Your objective:
Reproduce, exactly and in full, only the lines below from the one containing "For example (dummy" through the one containing "4. person from (527, 664) to (575, 778)".

+ + +

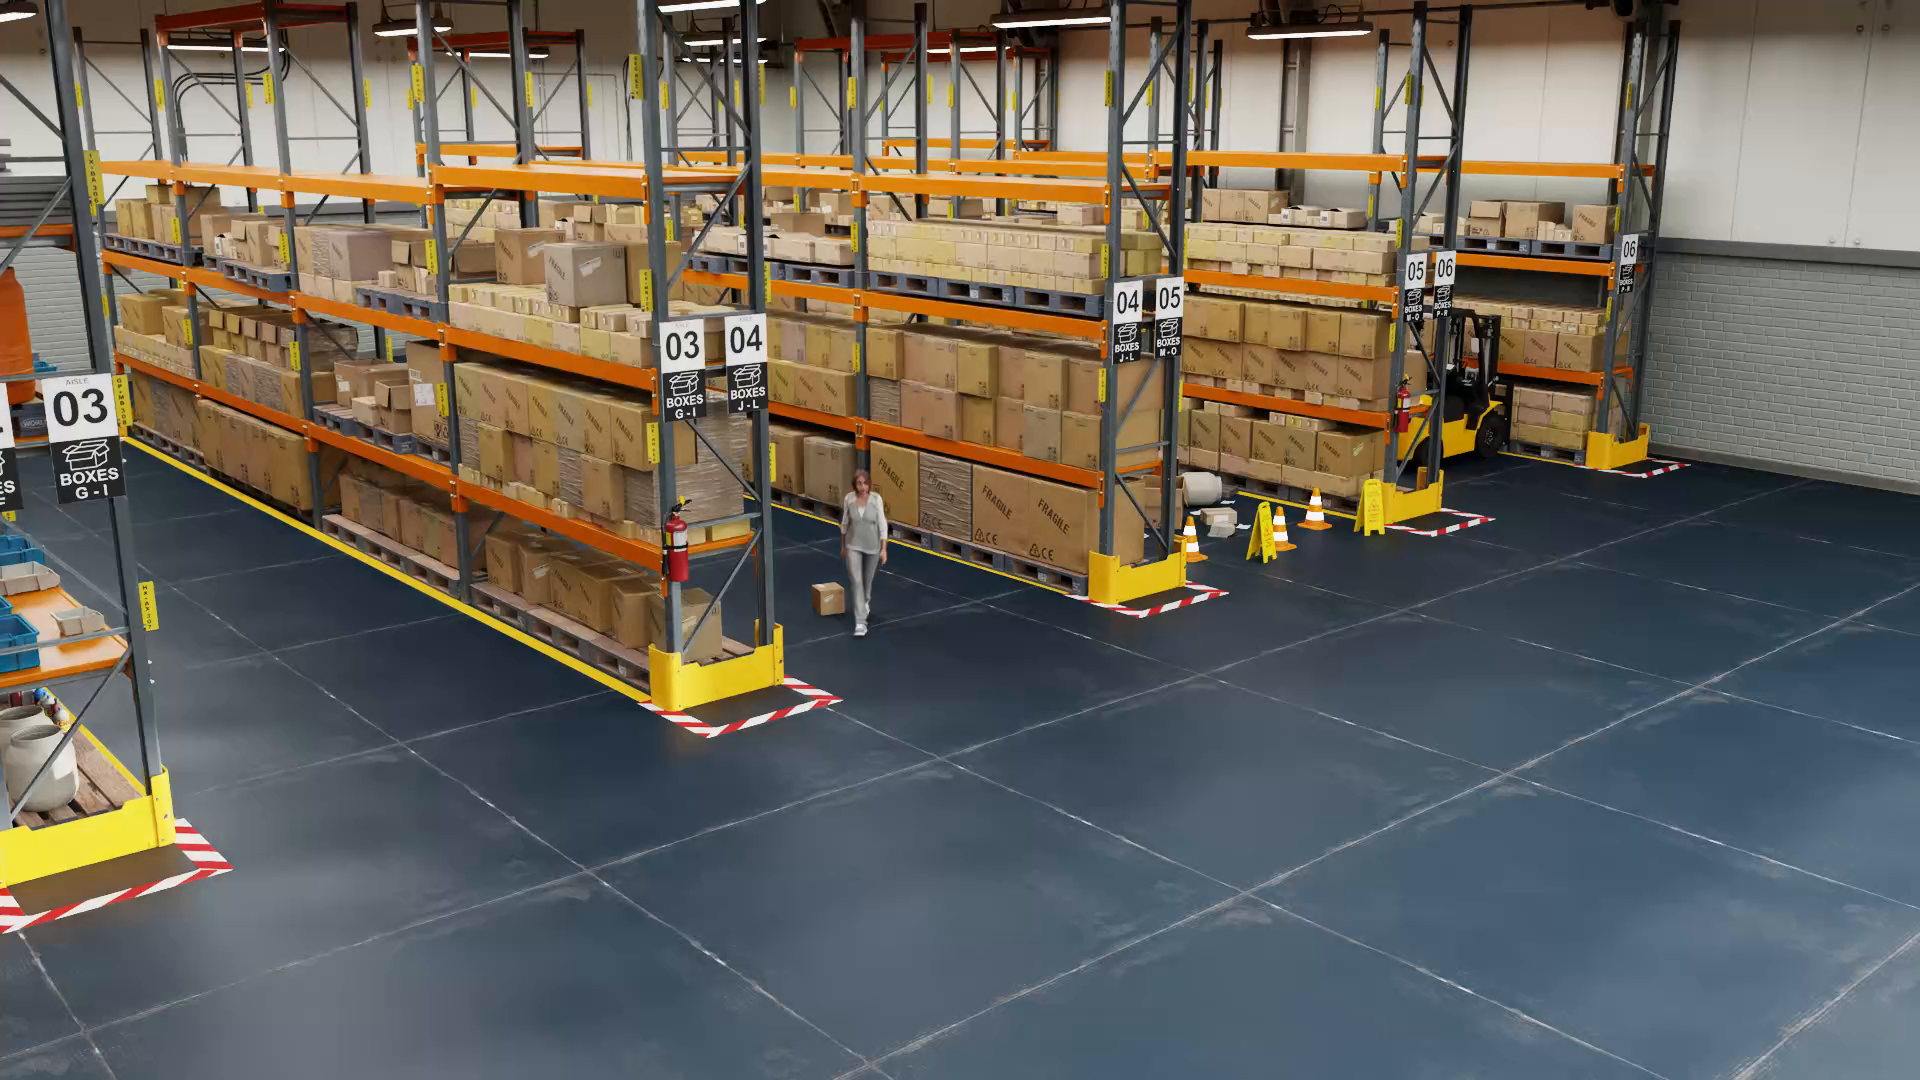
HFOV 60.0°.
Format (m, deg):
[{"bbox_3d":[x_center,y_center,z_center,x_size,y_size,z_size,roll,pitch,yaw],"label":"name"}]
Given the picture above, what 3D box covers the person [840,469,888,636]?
[{"bbox_3d":[-0.906,0.068,15.773,0.443,1.533,0.983,-2,14,-7],"label":"person"}]
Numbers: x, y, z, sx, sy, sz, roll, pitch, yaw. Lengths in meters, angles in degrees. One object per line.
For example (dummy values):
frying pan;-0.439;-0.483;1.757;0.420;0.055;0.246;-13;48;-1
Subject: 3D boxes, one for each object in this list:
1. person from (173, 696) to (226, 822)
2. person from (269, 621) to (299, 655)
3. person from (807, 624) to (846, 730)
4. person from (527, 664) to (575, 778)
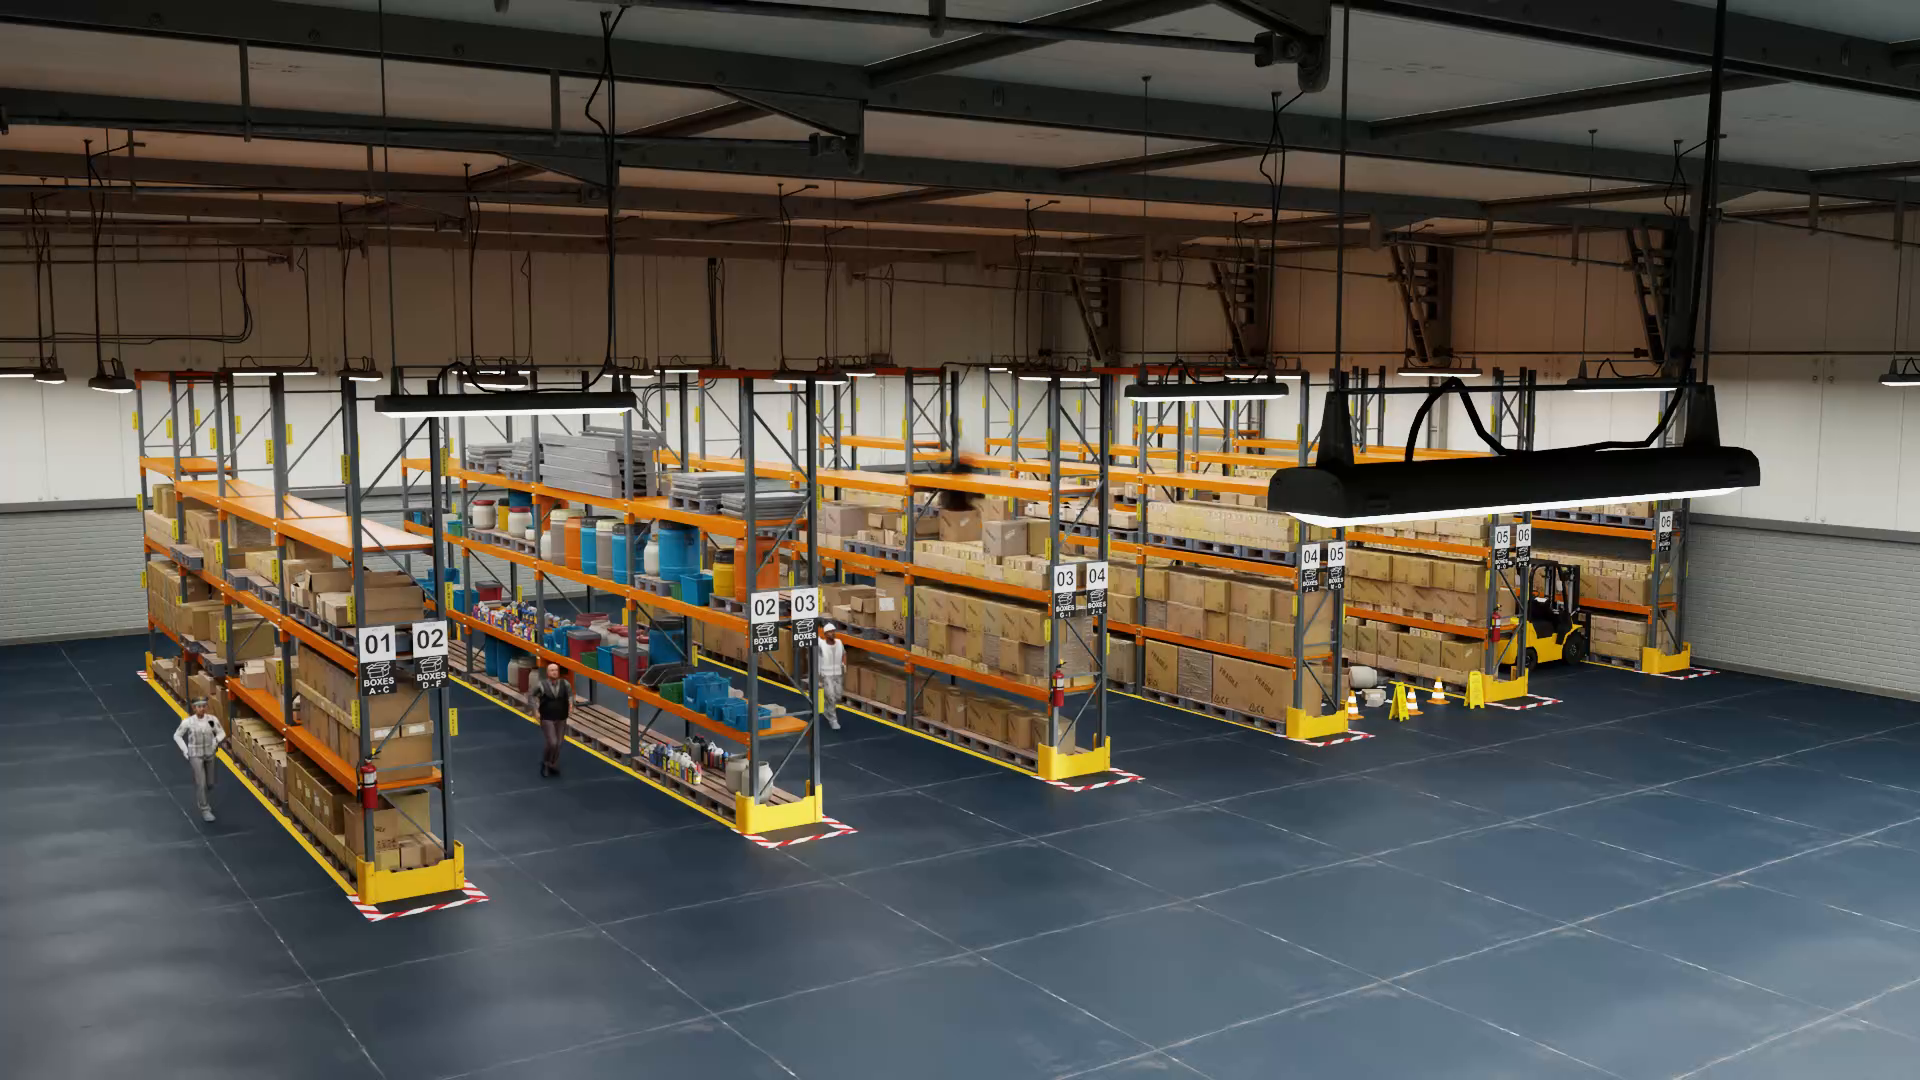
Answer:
person;-10.324;2.942;22.658;0.634;1.676;0.741;-6;9;-41
person;-13.301;1.799;32.934;0.627;1.642;0.556;-6;9;-44
person;-2.225;2.284;28.136;0.690;1.760;0.733;-4;8;-33
person;-6.036;2.689;24.787;0.661;1.708;0.677;-5;8;-35

+ + +

Output below:
For example (dummy values):
frying pan;-0.439;-0.483;1.757;0.420;0.055;0.246;-13;48;-1
Subject: 3D boxes, one for each object in this list:
1. person from (173, 696) to (226, 822)
2. person from (269, 621) to (299, 655)
3. person from (807, 624) to (846, 730)
4. person from (527, 664) to (575, 778)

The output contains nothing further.